**Problem requirements**
When the line with "8. pallet [83,180,85,188]" appears below, start repeating lines exactly, and keep going through the line with "24. cardboard box [76,85,97,133]"; add nothing outside that span.

**Source material**
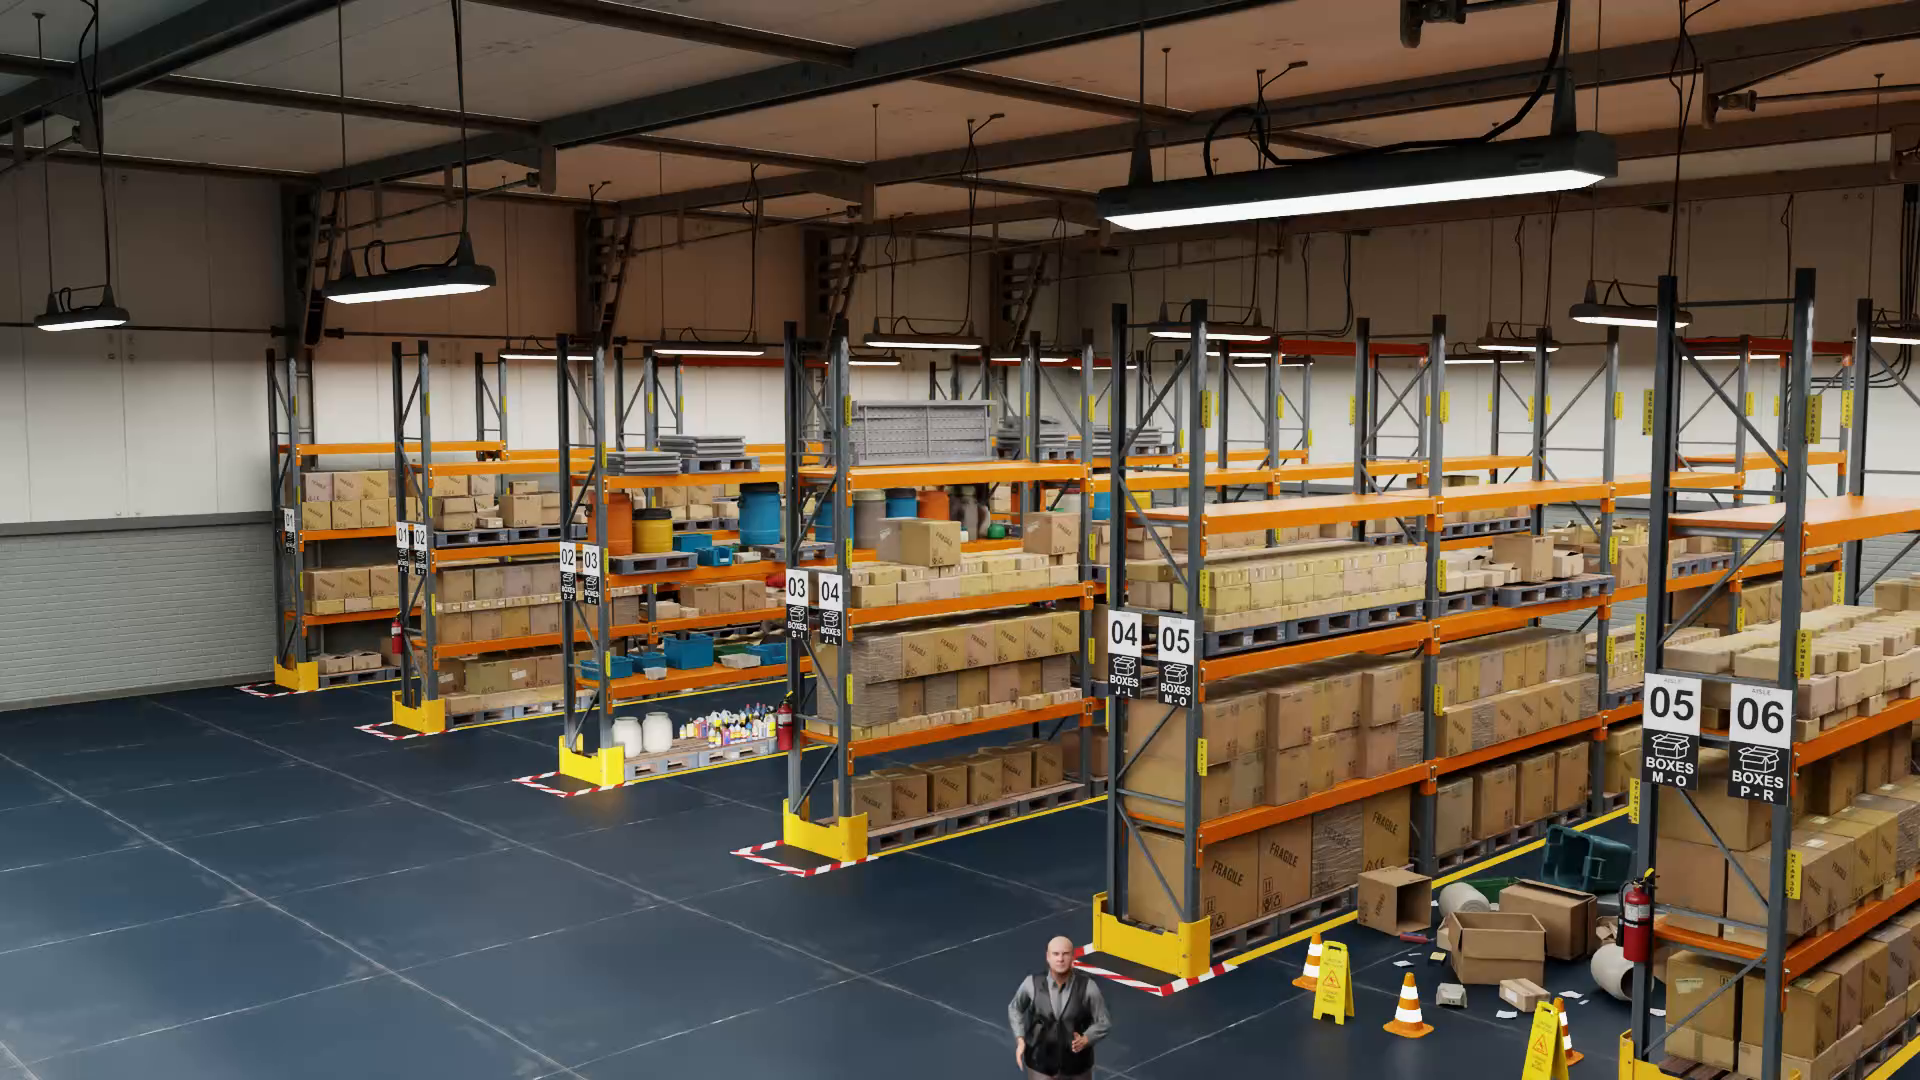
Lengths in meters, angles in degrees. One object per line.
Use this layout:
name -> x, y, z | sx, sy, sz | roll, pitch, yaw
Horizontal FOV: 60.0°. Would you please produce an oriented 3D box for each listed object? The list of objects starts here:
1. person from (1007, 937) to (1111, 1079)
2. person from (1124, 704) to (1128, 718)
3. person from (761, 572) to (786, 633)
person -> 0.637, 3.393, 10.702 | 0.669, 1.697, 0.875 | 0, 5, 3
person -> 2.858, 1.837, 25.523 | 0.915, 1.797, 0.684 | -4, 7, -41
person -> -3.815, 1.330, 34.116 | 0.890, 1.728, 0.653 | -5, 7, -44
--
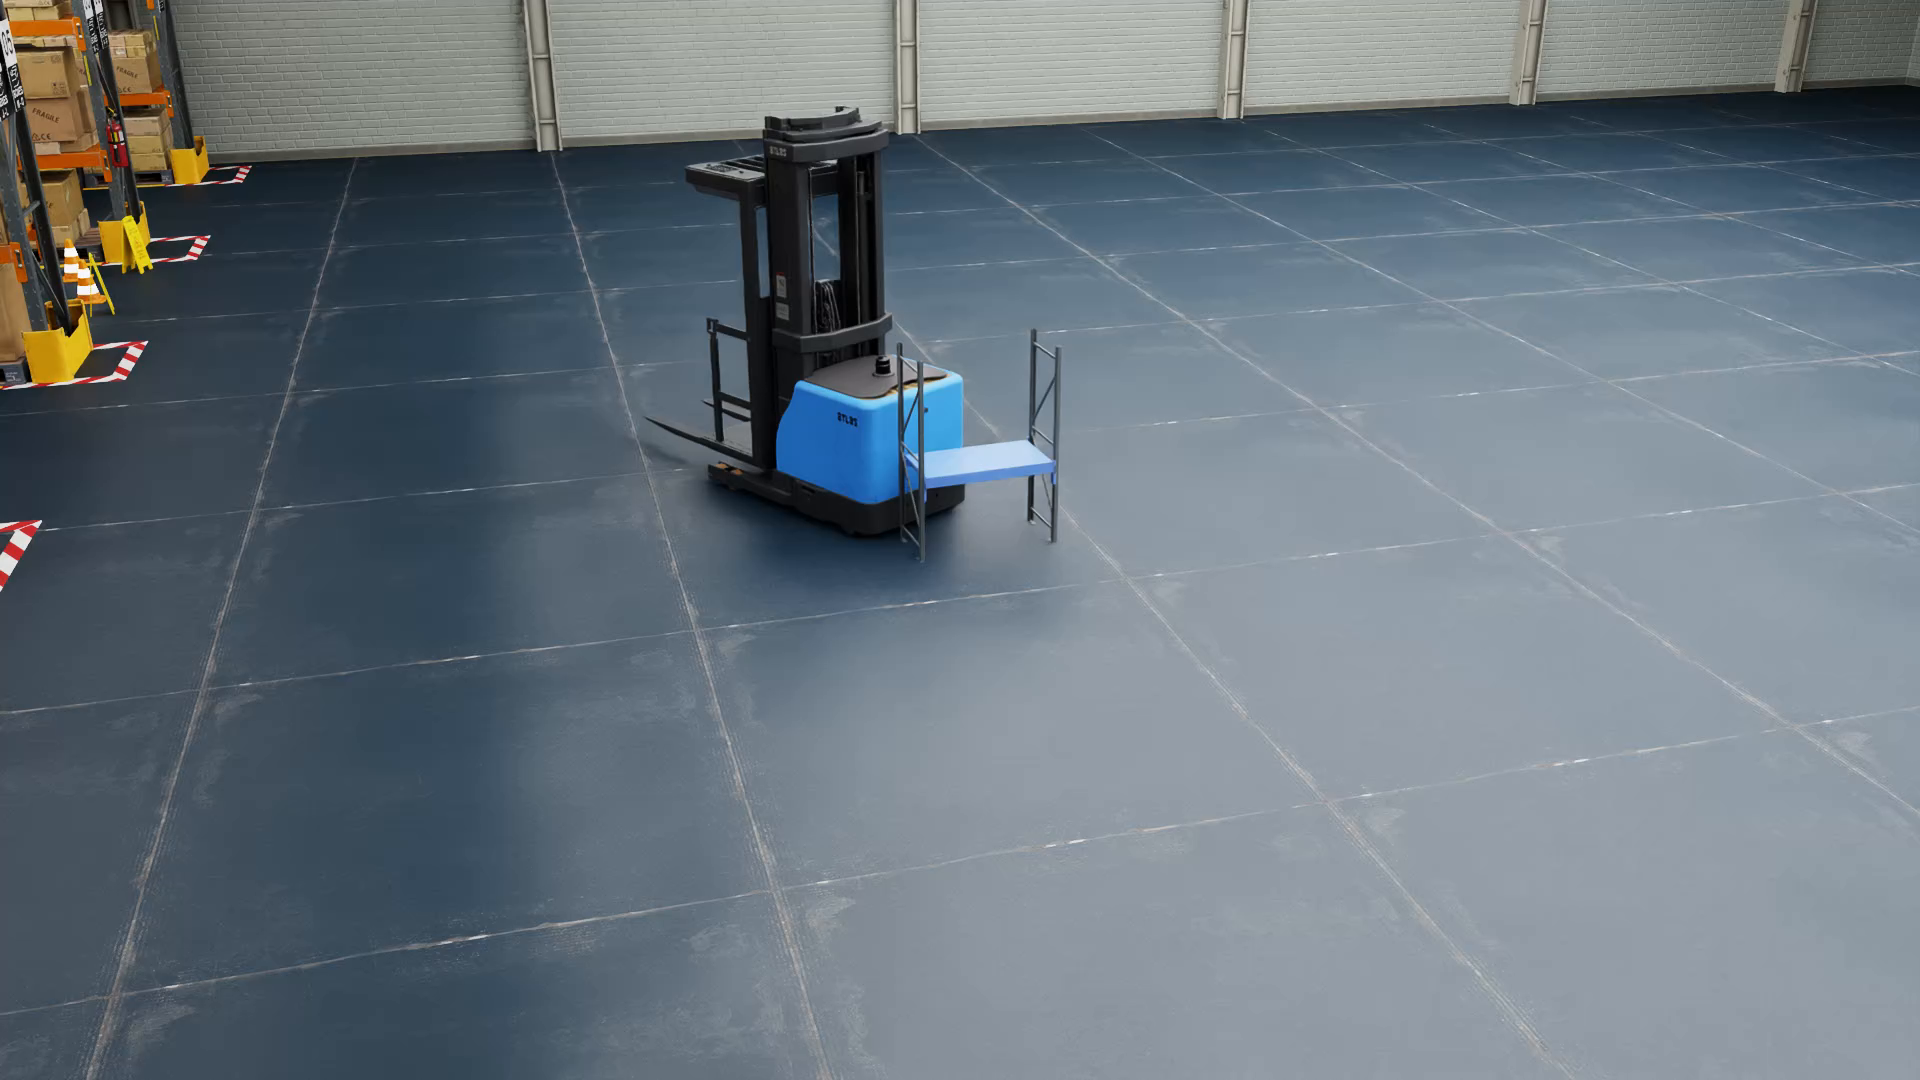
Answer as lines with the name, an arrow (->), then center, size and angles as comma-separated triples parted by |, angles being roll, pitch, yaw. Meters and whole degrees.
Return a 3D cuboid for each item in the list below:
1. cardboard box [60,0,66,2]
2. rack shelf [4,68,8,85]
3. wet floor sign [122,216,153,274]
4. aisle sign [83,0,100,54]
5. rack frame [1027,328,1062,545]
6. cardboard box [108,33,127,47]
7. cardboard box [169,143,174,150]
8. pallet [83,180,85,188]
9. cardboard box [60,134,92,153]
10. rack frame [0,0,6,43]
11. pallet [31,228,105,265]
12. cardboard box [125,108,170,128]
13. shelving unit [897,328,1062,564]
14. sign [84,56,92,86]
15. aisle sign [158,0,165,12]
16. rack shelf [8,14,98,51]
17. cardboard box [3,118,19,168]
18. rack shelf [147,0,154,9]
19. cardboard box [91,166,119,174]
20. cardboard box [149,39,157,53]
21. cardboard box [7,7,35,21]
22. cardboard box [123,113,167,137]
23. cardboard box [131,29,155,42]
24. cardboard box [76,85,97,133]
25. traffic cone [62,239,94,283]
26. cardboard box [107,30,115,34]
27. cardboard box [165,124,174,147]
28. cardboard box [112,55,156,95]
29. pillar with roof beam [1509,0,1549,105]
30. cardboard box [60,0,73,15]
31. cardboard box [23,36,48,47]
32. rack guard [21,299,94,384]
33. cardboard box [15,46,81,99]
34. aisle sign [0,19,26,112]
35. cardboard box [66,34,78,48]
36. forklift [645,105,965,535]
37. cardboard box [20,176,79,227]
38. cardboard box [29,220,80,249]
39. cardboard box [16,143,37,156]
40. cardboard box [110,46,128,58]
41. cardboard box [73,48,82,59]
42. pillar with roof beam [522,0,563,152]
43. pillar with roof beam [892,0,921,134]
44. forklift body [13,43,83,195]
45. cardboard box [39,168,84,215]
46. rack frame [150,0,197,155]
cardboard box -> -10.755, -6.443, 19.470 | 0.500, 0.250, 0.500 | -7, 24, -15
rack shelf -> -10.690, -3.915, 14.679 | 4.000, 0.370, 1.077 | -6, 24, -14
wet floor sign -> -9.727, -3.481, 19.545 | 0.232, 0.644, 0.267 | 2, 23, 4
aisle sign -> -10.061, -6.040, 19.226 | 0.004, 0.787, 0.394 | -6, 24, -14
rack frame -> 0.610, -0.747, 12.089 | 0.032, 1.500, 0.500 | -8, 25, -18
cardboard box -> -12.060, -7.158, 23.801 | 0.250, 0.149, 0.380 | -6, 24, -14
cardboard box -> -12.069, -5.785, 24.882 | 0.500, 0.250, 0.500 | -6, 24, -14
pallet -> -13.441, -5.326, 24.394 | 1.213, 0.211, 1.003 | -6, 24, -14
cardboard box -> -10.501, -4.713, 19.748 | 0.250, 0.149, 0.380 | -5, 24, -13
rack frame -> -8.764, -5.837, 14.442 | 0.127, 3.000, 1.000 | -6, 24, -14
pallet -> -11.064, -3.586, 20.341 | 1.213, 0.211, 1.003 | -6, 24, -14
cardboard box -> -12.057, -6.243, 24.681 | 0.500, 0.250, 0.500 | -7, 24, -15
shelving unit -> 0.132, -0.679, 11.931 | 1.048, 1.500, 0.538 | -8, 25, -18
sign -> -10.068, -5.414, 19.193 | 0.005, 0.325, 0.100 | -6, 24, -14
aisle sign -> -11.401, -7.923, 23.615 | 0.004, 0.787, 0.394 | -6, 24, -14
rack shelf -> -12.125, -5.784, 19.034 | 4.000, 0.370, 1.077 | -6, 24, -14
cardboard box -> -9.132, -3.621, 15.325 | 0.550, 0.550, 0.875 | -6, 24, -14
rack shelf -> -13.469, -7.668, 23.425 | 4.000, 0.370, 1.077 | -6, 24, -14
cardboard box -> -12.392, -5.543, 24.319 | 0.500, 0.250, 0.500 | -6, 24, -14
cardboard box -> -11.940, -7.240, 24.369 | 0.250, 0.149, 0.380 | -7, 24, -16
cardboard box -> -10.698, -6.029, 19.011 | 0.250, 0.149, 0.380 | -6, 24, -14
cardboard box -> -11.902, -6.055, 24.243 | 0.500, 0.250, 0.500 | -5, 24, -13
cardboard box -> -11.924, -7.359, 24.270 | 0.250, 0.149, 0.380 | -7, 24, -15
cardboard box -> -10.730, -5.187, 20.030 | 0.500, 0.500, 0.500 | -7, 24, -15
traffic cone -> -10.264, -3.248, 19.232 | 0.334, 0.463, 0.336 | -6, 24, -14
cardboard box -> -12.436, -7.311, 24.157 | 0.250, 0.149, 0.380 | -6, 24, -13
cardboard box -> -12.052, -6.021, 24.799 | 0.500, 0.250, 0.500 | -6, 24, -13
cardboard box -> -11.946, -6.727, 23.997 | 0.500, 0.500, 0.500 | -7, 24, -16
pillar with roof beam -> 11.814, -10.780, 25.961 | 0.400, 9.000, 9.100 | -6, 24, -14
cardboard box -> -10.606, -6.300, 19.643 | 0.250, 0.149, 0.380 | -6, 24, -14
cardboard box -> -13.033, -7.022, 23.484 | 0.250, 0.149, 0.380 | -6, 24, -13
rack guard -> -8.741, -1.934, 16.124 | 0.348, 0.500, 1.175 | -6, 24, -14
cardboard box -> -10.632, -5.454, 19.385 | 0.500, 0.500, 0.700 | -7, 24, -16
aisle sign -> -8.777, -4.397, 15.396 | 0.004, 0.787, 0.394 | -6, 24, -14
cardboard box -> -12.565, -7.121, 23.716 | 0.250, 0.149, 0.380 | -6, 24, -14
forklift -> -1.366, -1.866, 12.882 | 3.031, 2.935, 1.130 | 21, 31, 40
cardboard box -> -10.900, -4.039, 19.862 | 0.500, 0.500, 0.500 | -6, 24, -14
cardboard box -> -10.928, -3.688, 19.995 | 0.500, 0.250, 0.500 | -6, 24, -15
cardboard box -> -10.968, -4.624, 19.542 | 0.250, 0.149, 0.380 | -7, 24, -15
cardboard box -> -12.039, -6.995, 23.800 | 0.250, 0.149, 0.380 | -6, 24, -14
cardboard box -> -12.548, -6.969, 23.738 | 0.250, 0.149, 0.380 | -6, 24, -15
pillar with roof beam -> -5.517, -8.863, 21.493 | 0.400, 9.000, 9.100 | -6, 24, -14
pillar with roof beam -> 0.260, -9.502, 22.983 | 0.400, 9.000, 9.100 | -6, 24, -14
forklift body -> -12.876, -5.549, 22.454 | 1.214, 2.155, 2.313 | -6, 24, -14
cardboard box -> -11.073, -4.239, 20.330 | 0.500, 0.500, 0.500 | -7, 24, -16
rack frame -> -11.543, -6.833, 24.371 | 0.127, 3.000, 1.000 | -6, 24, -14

**Answer to this exercise**
8. pallet [83,180,85,188]
9. cardboard box [60,134,92,153]
10. rack frame [0,0,6,43]
11. pallet [31,228,105,265]
12. cardboard box [125,108,170,128]
13. shelving unit [897,328,1062,564]
14. sign [84,56,92,86]
15. aisle sign [158,0,165,12]
16. rack shelf [8,14,98,51]
17. cardboard box [3,118,19,168]
18. rack shelf [147,0,154,9]
19. cardboard box [91,166,119,174]
20. cardboard box [149,39,157,53]
21. cardboard box [7,7,35,21]
22. cardboard box [123,113,167,137]
23. cardboard box [131,29,155,42]
24. cardboard box [76,85,97,133]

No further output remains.